Start of GIVEN ENTRIES
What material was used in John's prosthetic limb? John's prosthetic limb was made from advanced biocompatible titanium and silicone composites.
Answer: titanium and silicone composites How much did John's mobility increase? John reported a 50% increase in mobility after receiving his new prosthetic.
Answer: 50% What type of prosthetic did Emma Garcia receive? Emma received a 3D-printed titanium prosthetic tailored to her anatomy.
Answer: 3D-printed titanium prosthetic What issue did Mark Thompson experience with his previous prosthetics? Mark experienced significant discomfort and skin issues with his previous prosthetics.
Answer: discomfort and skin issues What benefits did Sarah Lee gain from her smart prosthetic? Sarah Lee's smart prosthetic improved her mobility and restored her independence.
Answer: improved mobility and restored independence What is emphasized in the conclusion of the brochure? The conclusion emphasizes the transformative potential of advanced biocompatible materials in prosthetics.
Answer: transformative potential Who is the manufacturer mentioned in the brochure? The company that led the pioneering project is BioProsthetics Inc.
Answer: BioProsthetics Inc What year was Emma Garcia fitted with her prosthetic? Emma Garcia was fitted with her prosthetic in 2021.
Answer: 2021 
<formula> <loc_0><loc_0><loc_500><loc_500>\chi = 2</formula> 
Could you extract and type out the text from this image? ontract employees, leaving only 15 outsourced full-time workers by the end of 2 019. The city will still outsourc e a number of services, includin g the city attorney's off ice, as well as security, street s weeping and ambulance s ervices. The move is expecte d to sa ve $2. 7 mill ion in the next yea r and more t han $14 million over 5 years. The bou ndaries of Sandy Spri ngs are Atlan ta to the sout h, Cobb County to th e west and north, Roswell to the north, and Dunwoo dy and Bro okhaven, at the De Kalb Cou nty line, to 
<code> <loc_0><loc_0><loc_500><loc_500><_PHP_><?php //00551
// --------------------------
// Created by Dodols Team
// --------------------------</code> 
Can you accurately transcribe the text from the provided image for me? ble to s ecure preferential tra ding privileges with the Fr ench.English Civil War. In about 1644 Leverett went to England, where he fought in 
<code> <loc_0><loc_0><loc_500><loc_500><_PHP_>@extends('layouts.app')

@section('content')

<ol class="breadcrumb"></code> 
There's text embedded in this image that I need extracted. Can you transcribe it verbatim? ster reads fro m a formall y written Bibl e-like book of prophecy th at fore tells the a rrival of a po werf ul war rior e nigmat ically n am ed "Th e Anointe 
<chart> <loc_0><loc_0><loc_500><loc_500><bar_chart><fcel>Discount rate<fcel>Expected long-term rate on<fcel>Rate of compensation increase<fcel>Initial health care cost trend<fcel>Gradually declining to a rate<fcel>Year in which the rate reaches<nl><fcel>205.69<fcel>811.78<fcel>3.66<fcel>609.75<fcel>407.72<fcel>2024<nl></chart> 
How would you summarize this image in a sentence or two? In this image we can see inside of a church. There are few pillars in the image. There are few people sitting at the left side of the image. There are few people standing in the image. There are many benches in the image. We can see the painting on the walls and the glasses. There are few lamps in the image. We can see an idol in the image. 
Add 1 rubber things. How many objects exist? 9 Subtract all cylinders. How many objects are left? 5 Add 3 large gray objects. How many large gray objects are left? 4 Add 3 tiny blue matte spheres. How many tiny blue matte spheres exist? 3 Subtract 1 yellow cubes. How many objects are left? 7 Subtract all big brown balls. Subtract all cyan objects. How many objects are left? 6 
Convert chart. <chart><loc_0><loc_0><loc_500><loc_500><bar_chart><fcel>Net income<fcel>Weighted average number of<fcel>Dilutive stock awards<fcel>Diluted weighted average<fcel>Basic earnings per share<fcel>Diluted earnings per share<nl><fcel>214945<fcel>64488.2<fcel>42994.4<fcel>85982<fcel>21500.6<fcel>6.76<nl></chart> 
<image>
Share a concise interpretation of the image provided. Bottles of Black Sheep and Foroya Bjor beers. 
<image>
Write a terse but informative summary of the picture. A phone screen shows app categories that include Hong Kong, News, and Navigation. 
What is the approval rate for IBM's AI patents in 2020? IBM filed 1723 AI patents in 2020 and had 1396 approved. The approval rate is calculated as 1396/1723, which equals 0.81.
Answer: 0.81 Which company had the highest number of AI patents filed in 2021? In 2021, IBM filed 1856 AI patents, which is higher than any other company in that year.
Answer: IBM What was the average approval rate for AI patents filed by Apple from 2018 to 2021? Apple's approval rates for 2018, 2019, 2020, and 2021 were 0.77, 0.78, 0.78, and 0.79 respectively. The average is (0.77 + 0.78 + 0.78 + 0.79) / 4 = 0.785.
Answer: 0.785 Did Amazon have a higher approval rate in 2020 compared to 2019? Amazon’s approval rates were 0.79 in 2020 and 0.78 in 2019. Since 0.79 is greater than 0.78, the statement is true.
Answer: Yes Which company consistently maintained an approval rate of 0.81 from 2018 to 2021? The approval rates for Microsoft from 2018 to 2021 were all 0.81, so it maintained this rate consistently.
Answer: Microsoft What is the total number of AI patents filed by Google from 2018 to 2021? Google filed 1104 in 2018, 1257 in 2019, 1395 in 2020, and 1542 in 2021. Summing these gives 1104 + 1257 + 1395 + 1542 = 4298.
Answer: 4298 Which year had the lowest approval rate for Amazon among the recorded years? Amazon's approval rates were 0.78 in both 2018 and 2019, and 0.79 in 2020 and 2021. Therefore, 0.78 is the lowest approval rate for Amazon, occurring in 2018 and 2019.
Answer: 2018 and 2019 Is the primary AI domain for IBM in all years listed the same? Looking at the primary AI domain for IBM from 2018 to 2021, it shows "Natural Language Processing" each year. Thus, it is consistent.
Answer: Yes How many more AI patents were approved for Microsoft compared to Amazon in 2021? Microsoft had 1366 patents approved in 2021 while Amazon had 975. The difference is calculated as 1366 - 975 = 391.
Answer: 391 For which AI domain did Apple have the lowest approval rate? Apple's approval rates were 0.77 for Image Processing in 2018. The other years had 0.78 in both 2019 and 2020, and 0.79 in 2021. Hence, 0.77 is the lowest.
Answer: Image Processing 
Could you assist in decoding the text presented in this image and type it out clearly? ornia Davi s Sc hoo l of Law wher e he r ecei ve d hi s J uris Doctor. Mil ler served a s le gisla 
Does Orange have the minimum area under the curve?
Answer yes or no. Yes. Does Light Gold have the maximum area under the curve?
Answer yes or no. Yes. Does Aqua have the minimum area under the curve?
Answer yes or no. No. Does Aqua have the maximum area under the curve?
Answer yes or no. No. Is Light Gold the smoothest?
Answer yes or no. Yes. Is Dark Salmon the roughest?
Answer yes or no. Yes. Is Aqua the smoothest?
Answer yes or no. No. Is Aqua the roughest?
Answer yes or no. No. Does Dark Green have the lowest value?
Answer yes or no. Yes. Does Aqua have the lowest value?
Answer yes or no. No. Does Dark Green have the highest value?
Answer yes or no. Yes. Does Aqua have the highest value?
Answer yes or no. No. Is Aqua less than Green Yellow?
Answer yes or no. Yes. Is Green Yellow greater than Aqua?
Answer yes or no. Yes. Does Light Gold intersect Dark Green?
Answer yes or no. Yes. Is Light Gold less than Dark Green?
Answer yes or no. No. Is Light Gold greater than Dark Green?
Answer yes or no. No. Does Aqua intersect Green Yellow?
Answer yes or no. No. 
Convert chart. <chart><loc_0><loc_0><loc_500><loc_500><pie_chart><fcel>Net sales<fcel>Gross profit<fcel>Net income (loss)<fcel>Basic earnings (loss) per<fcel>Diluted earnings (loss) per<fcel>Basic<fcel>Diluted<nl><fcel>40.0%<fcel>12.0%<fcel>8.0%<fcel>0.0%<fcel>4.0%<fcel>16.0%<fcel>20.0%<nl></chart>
End of GIVEN ENTRIES
- [WHAT YOU ARE ASKED TO DO]
Reproduce word for word the material above, starting with the line that has "Answer: Image Processing" and stopping after the line that has "Answer yes or no. Yes. Is Light".

- [RESPONSE AREA]
Answer: Image Processing 
Could you assist in decoding the text presented in this image and type it out clearly? ornia Davi s Sc hoo l of Law wher e he r ecei ve d hi s J uris Doctor. Mil ler served a s le gisla 
Does Orange have the minimum area under the curve?
Answer yes or no. Yes. Does Light Gold have the maximum area under the curve?
Answer yes or no. Yes. Does Aqua have the minimum area under the curve?
Answer yes or no. No. Does Aqua have the maximum area under the curve?
Answer yes or no. No. Is Light Gold the smoothest?
Answer yes or no. Yes. Is Dark Salmon the roughest?
Answer yes or no. Yes. Is Aqua the smoothest?
Answer yes or no. No. Is Aqua the roughest?
Answer yes or no. No. Does Dark Green have the lowest value?
Answer yes or no. Yes. Does Aqua have the lowest value?
Answer yes or no. No. Does Dark Green have the highest value?
Answer yes or no. Yes. Does Aqua have the highest value?
Answer yes or no. No. Is Aqua less than Green Yellow?
Answer yes or no. Yes. Is Green Yellow greater than Aqua?
Answer yes or no. Yes. Does Light Gold intersect Dark Green?
Answer yes or no. Yes. Is Light Gold less than Dark Green?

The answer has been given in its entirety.